• **RECORDS FOR THIS TASK**:

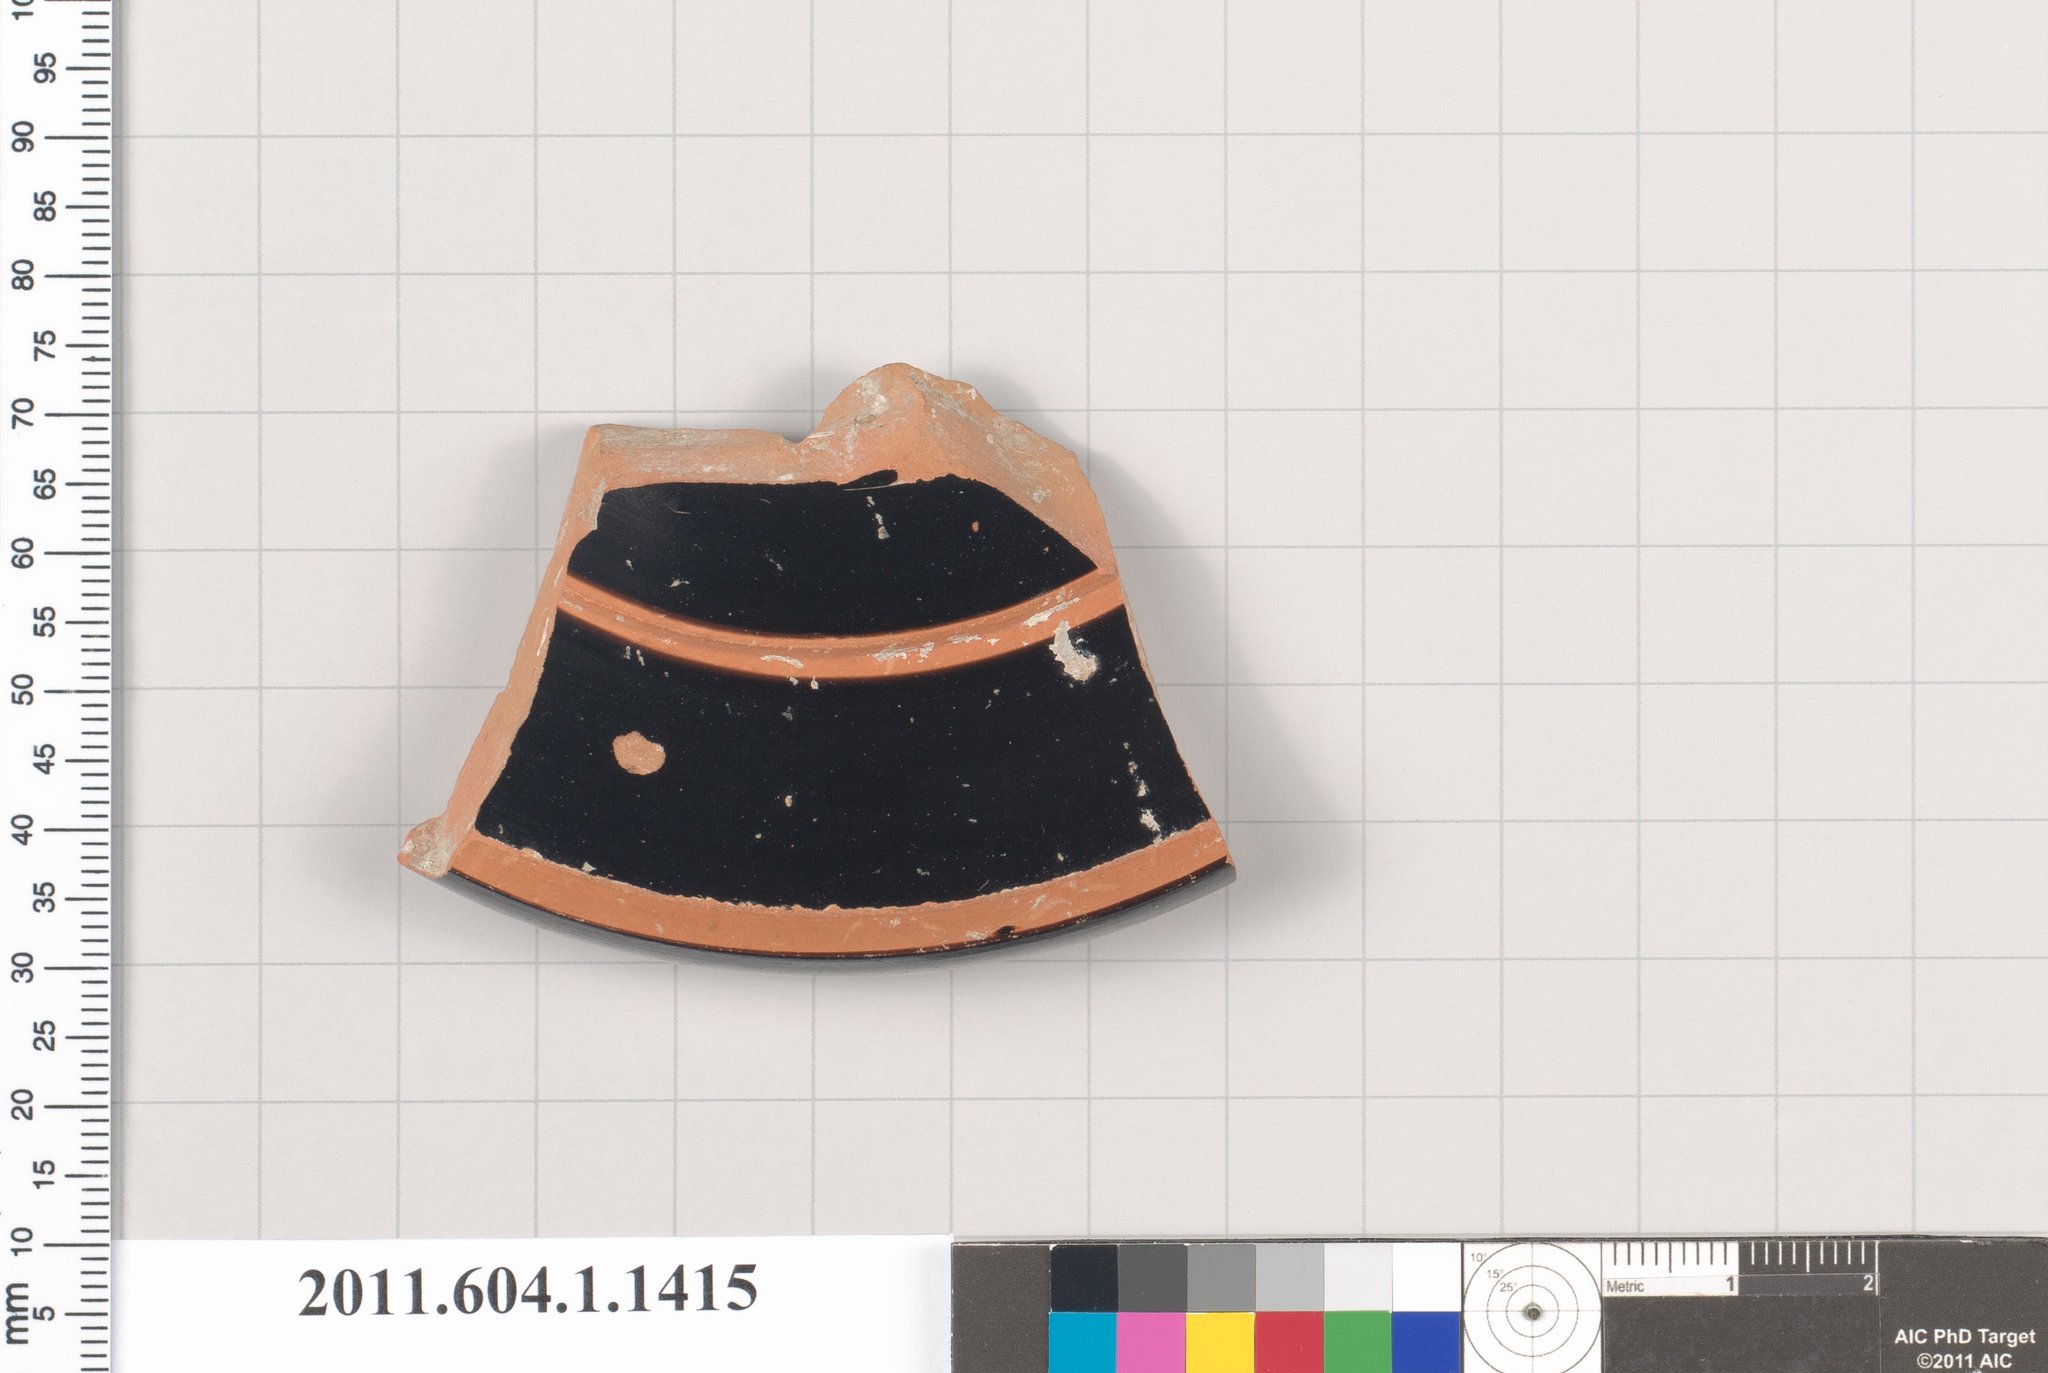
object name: kylix fragment
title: Terracotta fragment of a kylix (drinking cup)
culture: greek, attic
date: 500-401 BCE
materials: terracotta
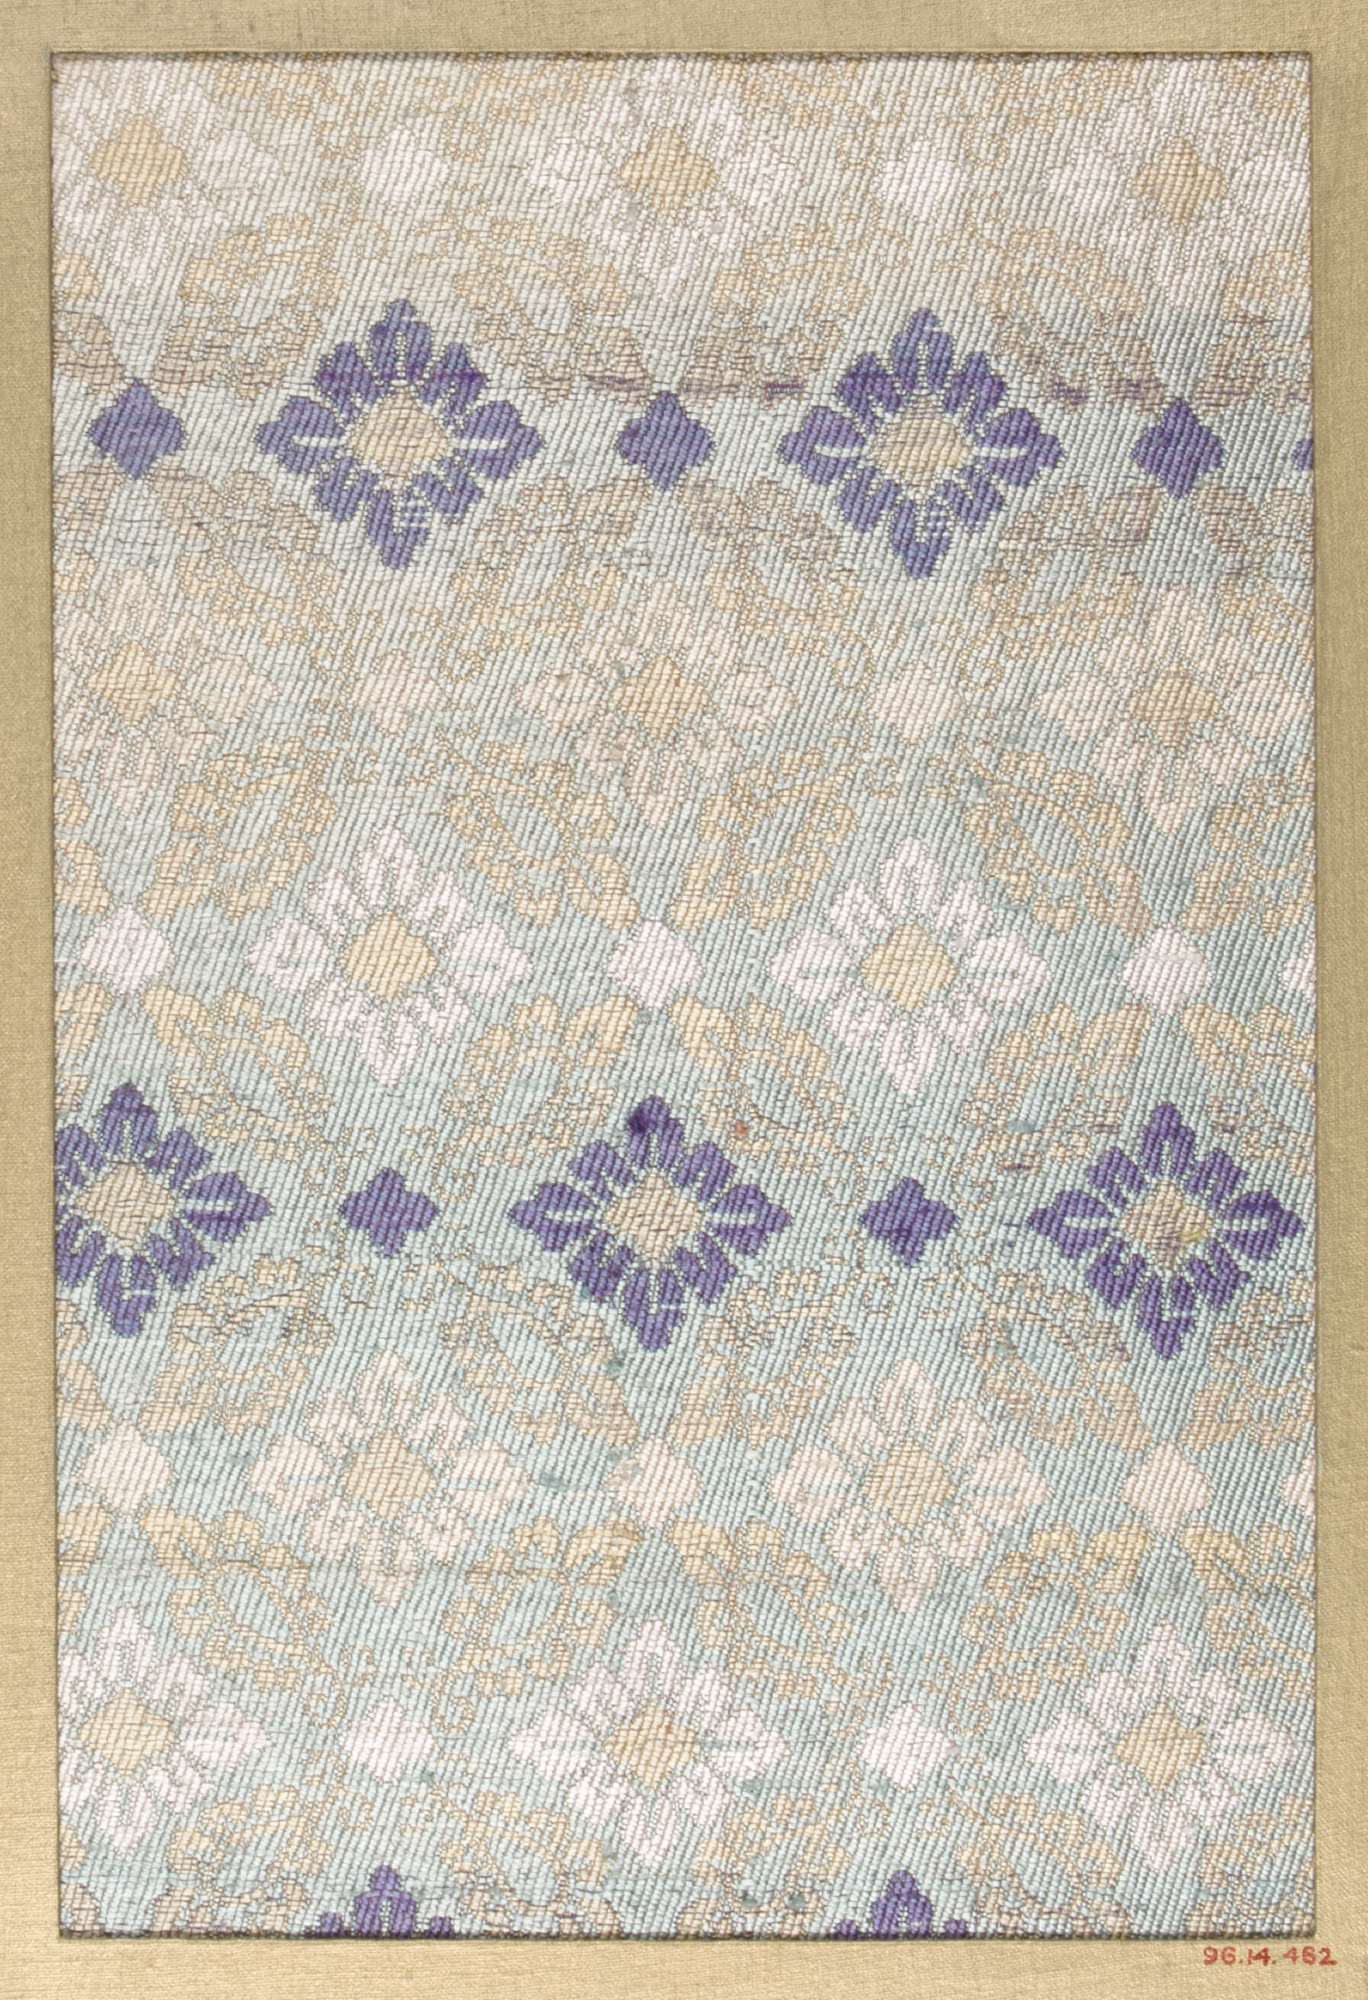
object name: piece
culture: japanese
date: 1701-1900
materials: silk

• **WHAT THE EXERCISE ASKS**: Return every entry from the listing above exactly as it stands, leaving out any picture.

• **ANSWER SECTION**:
object name: kylix fragment
title: Terracotta fragment of a kylix (drinking cup)
culture: greek, attic
date: 500-401 BCE
materials: terracotta
object name: piece
culture: japanese
date: 1701-1900
materials: silk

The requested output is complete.